• What this task involves:
Your answer must match, word for word, the lines from the one holding "- cone (0,153,7,166)" through the final line below, with pictures excluded.

** Task input follows **

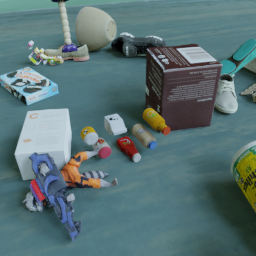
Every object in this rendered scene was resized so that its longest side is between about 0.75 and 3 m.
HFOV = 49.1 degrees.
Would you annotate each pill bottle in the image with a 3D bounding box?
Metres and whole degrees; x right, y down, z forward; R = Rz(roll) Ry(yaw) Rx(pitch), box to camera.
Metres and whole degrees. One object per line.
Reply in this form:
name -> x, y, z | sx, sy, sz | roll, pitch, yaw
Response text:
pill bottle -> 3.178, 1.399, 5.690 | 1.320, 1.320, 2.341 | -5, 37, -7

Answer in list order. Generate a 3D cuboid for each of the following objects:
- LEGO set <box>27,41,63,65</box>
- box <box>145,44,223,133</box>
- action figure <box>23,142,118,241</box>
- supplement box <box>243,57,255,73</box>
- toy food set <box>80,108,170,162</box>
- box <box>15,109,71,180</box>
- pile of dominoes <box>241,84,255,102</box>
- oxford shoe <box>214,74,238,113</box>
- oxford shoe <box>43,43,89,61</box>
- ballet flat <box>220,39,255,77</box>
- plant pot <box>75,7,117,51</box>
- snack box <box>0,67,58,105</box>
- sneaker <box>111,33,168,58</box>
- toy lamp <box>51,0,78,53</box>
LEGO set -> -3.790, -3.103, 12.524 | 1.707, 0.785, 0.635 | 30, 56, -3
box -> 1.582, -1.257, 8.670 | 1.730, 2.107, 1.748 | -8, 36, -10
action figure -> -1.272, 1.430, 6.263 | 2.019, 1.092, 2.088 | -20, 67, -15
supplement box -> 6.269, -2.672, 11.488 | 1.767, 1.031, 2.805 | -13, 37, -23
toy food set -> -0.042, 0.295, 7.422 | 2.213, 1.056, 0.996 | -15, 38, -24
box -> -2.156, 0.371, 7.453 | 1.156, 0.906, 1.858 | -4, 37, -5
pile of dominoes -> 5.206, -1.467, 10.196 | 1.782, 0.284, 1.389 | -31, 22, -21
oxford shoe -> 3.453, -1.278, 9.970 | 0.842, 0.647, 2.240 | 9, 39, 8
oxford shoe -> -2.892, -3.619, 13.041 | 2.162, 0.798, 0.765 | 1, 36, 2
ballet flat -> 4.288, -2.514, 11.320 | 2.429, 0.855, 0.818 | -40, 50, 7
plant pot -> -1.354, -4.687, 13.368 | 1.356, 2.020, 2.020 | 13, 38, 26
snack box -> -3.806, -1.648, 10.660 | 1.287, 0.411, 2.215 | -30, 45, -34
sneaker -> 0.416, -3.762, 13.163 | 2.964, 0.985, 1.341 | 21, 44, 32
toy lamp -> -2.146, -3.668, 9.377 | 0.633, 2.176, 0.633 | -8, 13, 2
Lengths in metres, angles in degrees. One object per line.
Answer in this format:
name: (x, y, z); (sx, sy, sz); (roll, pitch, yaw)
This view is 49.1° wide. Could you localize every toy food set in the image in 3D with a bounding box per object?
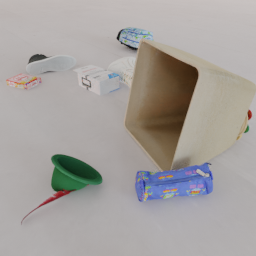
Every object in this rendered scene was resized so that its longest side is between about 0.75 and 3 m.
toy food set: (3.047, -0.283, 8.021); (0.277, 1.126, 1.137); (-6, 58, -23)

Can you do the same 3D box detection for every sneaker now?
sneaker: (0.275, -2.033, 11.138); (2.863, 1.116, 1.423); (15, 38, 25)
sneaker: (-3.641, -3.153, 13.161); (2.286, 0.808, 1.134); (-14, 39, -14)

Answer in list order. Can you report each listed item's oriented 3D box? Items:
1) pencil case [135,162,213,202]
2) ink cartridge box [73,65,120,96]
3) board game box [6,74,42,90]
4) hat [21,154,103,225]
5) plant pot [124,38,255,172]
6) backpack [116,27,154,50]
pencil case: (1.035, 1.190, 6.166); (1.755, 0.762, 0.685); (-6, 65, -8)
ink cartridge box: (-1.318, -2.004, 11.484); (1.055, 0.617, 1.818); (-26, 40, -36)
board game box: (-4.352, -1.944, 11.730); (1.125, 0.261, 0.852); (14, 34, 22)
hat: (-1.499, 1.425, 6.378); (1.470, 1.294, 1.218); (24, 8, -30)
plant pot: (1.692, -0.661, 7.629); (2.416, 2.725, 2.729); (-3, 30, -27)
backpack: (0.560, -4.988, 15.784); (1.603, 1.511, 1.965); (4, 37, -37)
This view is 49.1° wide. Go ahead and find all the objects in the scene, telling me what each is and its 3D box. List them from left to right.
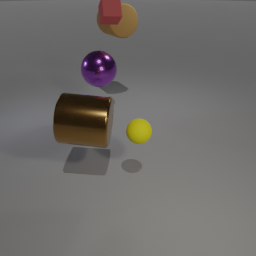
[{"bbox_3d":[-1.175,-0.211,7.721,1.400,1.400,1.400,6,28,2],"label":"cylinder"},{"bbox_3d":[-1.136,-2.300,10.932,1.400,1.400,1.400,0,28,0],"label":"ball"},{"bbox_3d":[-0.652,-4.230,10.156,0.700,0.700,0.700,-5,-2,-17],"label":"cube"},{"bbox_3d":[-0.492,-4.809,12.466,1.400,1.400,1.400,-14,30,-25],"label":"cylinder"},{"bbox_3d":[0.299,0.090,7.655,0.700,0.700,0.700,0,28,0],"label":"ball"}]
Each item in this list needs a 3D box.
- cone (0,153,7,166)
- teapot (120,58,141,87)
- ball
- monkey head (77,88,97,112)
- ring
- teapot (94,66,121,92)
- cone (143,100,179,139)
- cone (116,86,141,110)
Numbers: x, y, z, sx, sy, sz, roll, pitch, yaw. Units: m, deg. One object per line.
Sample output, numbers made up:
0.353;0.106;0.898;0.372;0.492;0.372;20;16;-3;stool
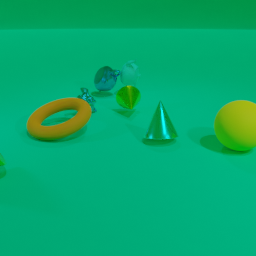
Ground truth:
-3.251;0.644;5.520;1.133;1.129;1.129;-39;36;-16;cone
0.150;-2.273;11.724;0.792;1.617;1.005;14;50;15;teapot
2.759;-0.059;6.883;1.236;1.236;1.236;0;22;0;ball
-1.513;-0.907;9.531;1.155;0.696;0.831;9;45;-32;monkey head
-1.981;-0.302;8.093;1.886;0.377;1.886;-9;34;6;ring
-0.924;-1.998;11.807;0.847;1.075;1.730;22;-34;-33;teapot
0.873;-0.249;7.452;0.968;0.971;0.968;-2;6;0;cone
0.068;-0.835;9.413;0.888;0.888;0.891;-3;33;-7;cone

** End of Task input **

• Task response:
- cone (0,153,7,166)
- teapot (120,58,141,87)
- ball
- monkey head (77,88,97,112)
- ring
- teapot (94,66,121,92)
- cone (143,100,179,139)
- cone (116,86,141,110)
Numbers: x, y, z, sx, sy, sz, roll, pitch, yaw. Units: m, deg. One object per line.
Sample output, numbers made up:
0.353;0.106;0.898;0.372;0.492;0.372;20;16;-3;stool
Ground truth:
-3.251;0.644;5.520;1.133;1.129;1.129;-39;36;-16;cone
0.150;-2.273;11.724;0.792;1.617;1.005;14;50;15;teapot
2.759;-0.059;6.883;1.236;1.236;1.236;0;22;0;ball
-1.513;-0.907;9.531;1.155;0.696;0.831;9;45;-32;monkey head
-1.981;-0.302;8.093;1.886;0.377;1.886;-9;34;6;ring
-0.924;-1.998;11.807;0.847;1.075;1.730;22;-34;-33;teapot
0.873;-0.249;7.452;0.968;0.971;0.968;-2;6;0;cone
0.068;-0.835;9.413;0.888;0.888;0.891;-3;33;-7;cone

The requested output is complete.